The ESP8266 uses a subset of the Xtensa instruction set. It has 16 32-bit registers, a0 through a15. Registers a0 and a1 serve a special purpose.

For a0, when the call0 or callx0 instruction is used a0 is set to the next instruction after the call by the hardware. On entry, the called function will often save a0 on the stack. A really short function that does not call other functions might not. The ret instruction will load a0 into the program counter for return. Within a function, a0 can be used like any other register after it is saved on the stack.

By convention on the ESP8266 a1 is used as a stack pointer. Some Xtensa processors are configured with a register spill feature that automatically saves the registers on the stack. For those configurations, register a1 has a strong hardware connection with stack handling. Many times a small function will at a minimum create a 16-byte stack frame (not always). The stack grows from a high to a low address. So you often see a small function start with ADDI.N a1, -16.

An example ASM function template to show how to start and end a Basic ASM function.

extern "C" size_t example_fn(void *src);
asm(
    ".section     .text.example_fn,\"ax\",@progbits\n\t"
    ".literal_position\n\t"
    ".literal     .ets_strlen, ets_strlen\n\t"
    ".align       4\n\t"
    ".global      example_fn\n\t"
    ".type        example_fn, @function\n\t"
    "\n"
"example_fn:\n\t"
    // Function entry, save some stuff to restore at exit.
    "addi         a1,     a1,     -16\n\t"        // Create Stack Frame
    // Registers a0, a2 through a11 may be clobbered by a call to another function.
    // Callee must restore a1 at return.
    "s32i         a0,     a1,     0\n\t"
    "s32i         a12,    a1,     8\n\t"
    
    // Add your logic here
    ...
    // In this example we saved a12 so we could use register a12 
    // to save function argument one (a2) across other function calls.
    "mov          a12,    a2\n\t"
    ...

    // Restore and exit with result in a2
    "l32i         a12,    a1,     8\n\t"
    "l32i         a0,     a1,     0\n\t"
    "addi         a1,     a1,     16\n\t"
    "ret\n\t"
    ".size example_fn, .-example_fn\n\t"
);

I find Extended ASM to be tricky. You read the docs you think you understand what they are saying. You try it, only to find out you know nothing about what you are doing. :(

I have found with the newer GNU v10 compiler this has only gotten worse. You really need to unassemble functions with Extended ASM to be sure the compiler did not corrupt the result. Make sure it doesn't trash registers that are needed later.
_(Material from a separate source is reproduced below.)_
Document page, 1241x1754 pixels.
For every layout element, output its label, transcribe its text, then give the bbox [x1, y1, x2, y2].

The compiler only knows what you tell it about your inline assembly. What it knows is conveyed after the : markers.

• Tell it about the registers you clobber/overwrite.
  • eg. ASM VOLATILE ("movi a2, 0\n\tmovi a3, 0\n\t" ::: "a2", "a3");
  • The example below has no clobber list and lets the compiler pick the scratch register
    • CAUTION, if you make calls from your ASM the registers the compiler has chosen will most likely be overwritten by the function called. If so, don't use this technique.
    • Define a temporary variable and assign it as an output.
    • If you also have input variables, depending on when you use the temporary you may need to add the & qualifier exp. "=&r"(tmp) This indicates that input registers are not available for reuse when this output register is used.
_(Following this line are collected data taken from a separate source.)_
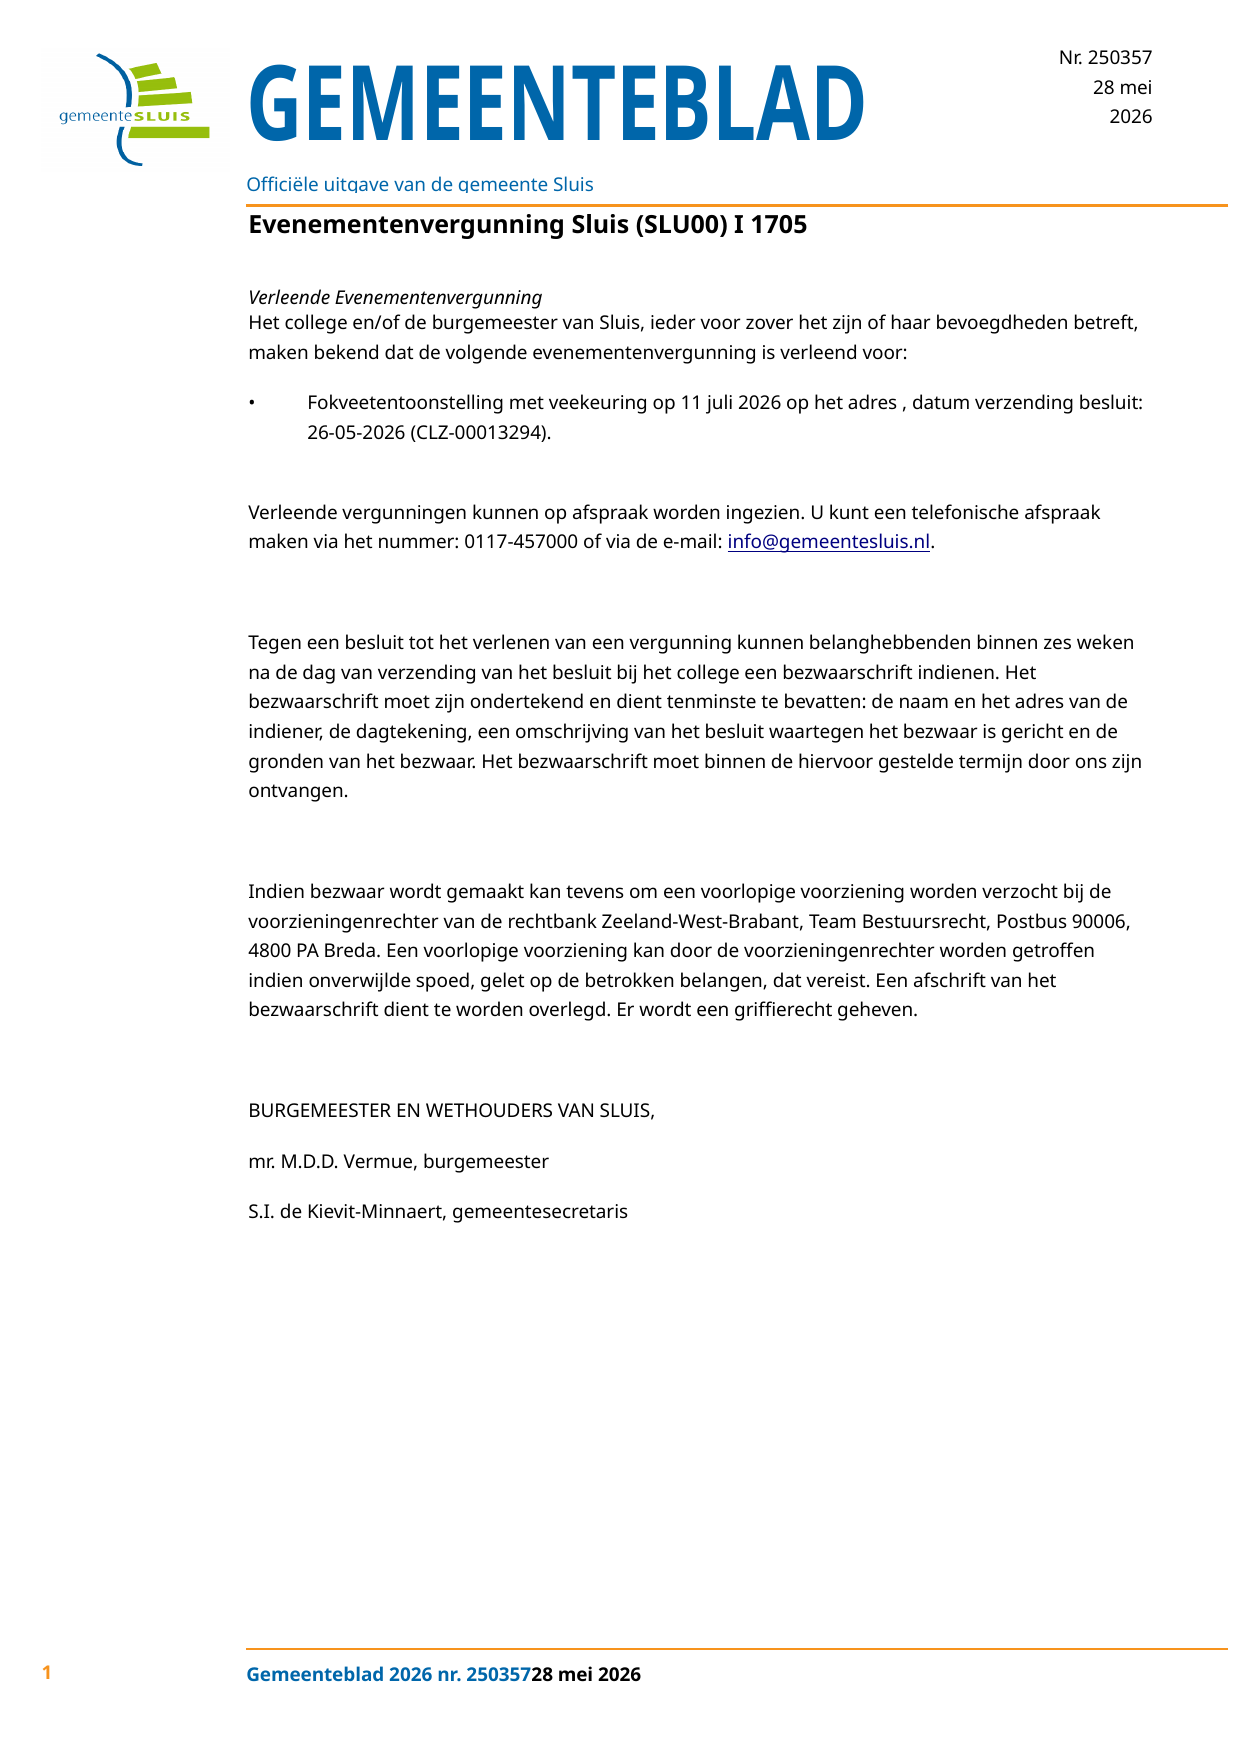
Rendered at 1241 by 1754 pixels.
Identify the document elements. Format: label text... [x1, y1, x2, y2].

text Evenementenvergunning Sluis (SLU00) I 1705 [248, 207, 1152, 241]
text Tegen een besluit tot het verlenen van een vergunning kunnen belanghebbenden binnen zes weken na de dag van verzending van het besluit bij het college een bezwaarschrift indienen. Het bezwaarschrift moet zijn ondertekend en dient tenminste te bevatten: de naam en het adres van de indiener, de dagtekening, een omschrijving van het besluit waartegen het bezwaar is gericht en de gronden van het bezwaar. Het bezwaarschrift moet binnen de hiervoor gestelde termijn door ons zijn ontvangen. [248, 629, 1152, 803]
text Verleende vergunningen kunnen op afspraak worden ingezien. U kunt een telefonische afspraak maken via het nummer: 0117-457000 of via de e-mail: info@gemeentesluis.nl. [248, 499, 1152, 554]
text Het college en/of de burgemeester van Sluis, ieder voor zover het zijn of haar bevoegdheden betreft, maken bekend dat de volgende evenementenvergunning is verleend voor: [248, 309, 1152, 365]
picture [41, 47, 231, 172]
text Verleende Evenementenvergunning [248, 284, 1152, 309]
text S.I. de Kievit-Minnaert, gemeentesecretaris [248, 1198, 1152, 1224]
text Indien bezwaar wordt gemaakt kan tevens om een voorlopige voorziening worden verzocht bij de voorzieningenrechter van de rechtbank Zeeland-West-Brabant, Team Bestuursrecht, Postbus 90006, 4800 PA Breda. Een voorlopige voorziening kan door de voorzieningenrechter worden getroffen indien onverwijlde spoed, gelet op de betrokken belangen, dat vereist. Een afschrift van het bezwaarschrift dient te worden overlegd. Er wordt een griffierecht geheven. [248, 878, 1152, 1022]
list Fokveetentoonstelling met veekeuring op 11 juli 2026 op het adres , datum verzending besluit: 26-05-2026 (CLZ-00013294). [248, 389, 1152, 445]
text mr. M.D.D. Vermue, burgemeester [248, 1148, 1152, 1174]
text BURGEMEESTER EN WETHOUDERS VAN SLUIS, [248, 1097, 1152, 1123]

  uint32_t tmp;  // Let the compiler select the optimum scratch register
  asm volatile(
    "movi.n           %0,   0\n\t"
    "wsr.dbreakc0     %0\n\t"
    "wsr.ibreakenable %0\n\t"
    "wsr.icount       %0\n\t"
    :"=r"(tmp) ::);

• When finished with an input register, don't use it as a scratch register. Add a scratch register to the output list instead, as in the above example.
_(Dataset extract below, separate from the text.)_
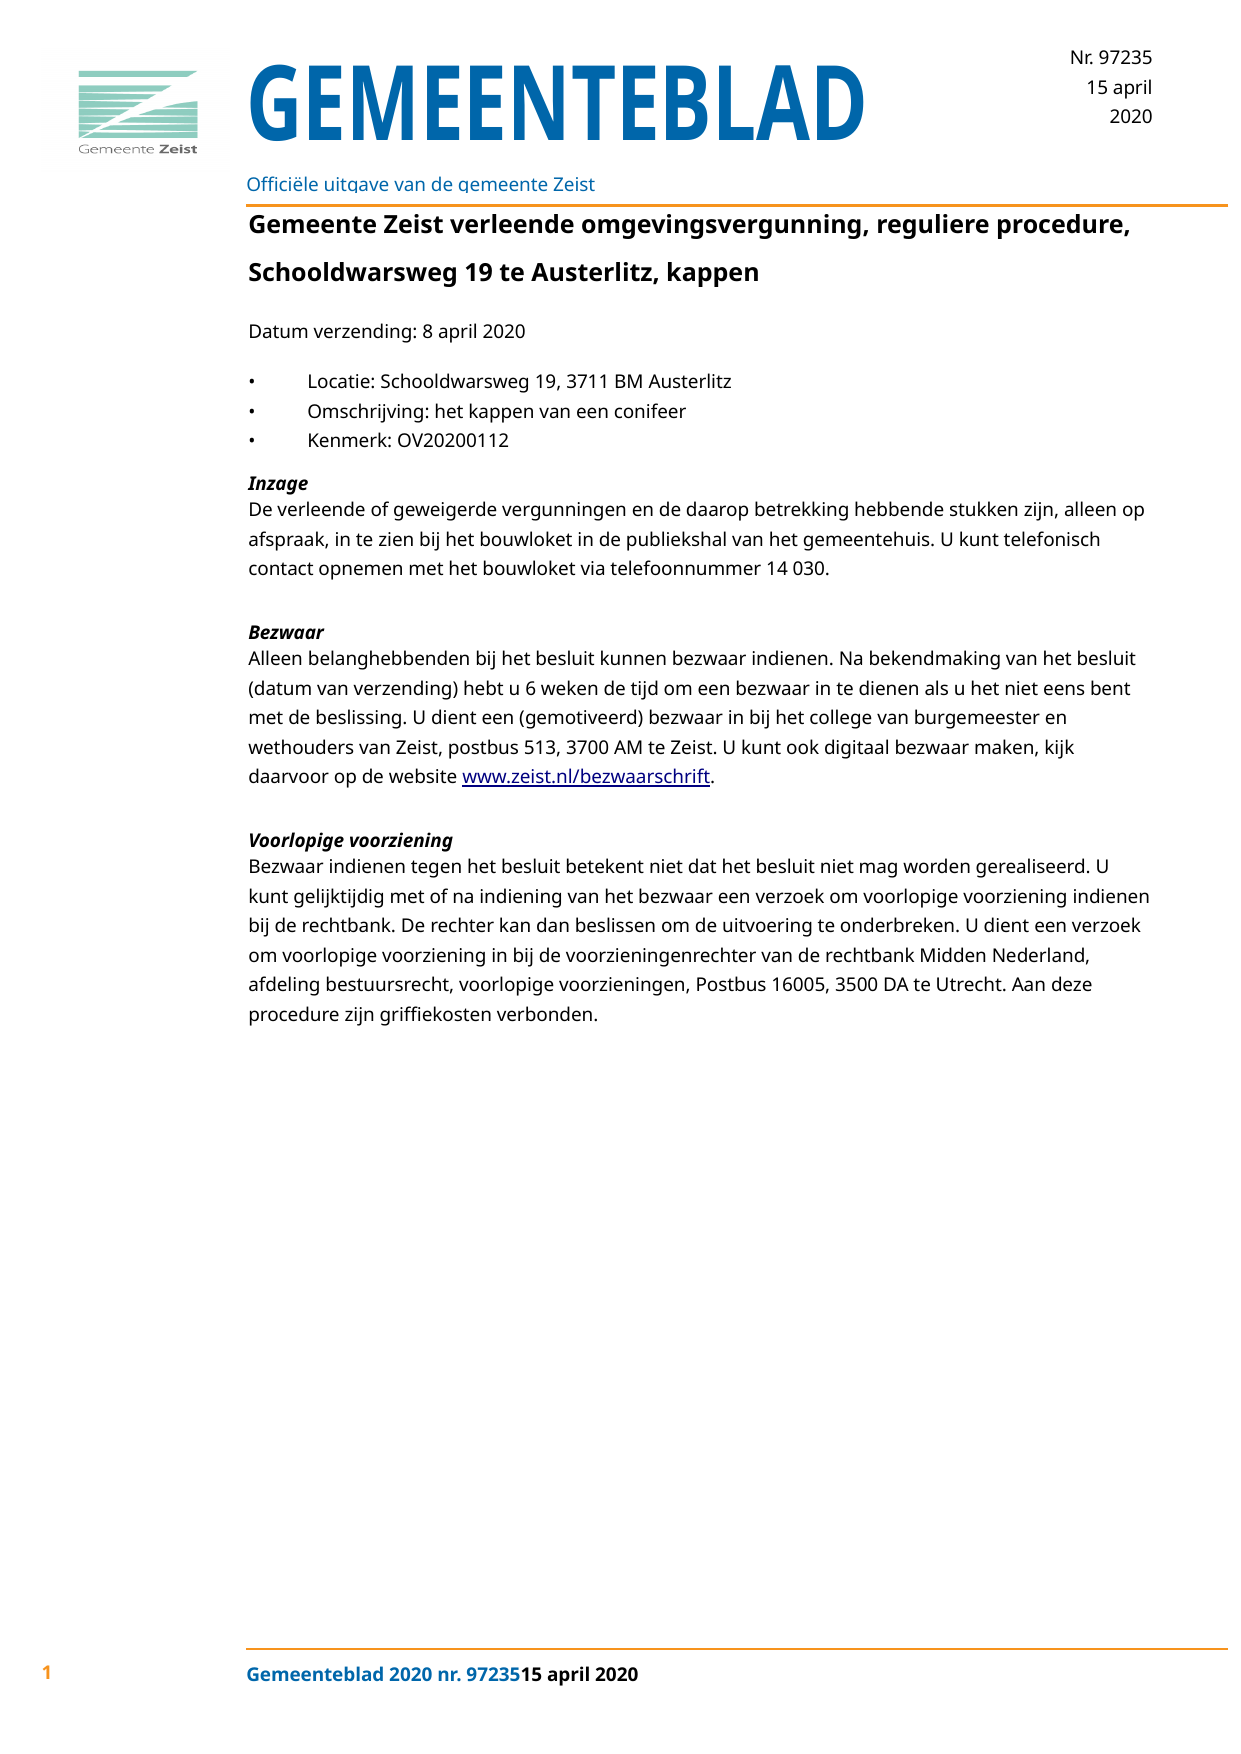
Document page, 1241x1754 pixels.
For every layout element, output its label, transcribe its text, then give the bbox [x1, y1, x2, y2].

  • I had problems with an HWDT crash when I did and combined it with compiler optimizations O2, O3, or Ofast.
  • And yet (maybe a newer compiler version) I have seen the compiler ignore values previously loaded into input registers and reload the values.
    • If you want a register held value that your ASM only reads to not be reloaded later for "C" code references, use it as an output register (+a) and only read it. This may not always have a minimizing effect on size. If the register pool runs empty, it could force the compiler to save the register value on the stack for later. I am finding it is always a good idea to look at what the compiler did to your diligently written Extended ASM and the surrounding code.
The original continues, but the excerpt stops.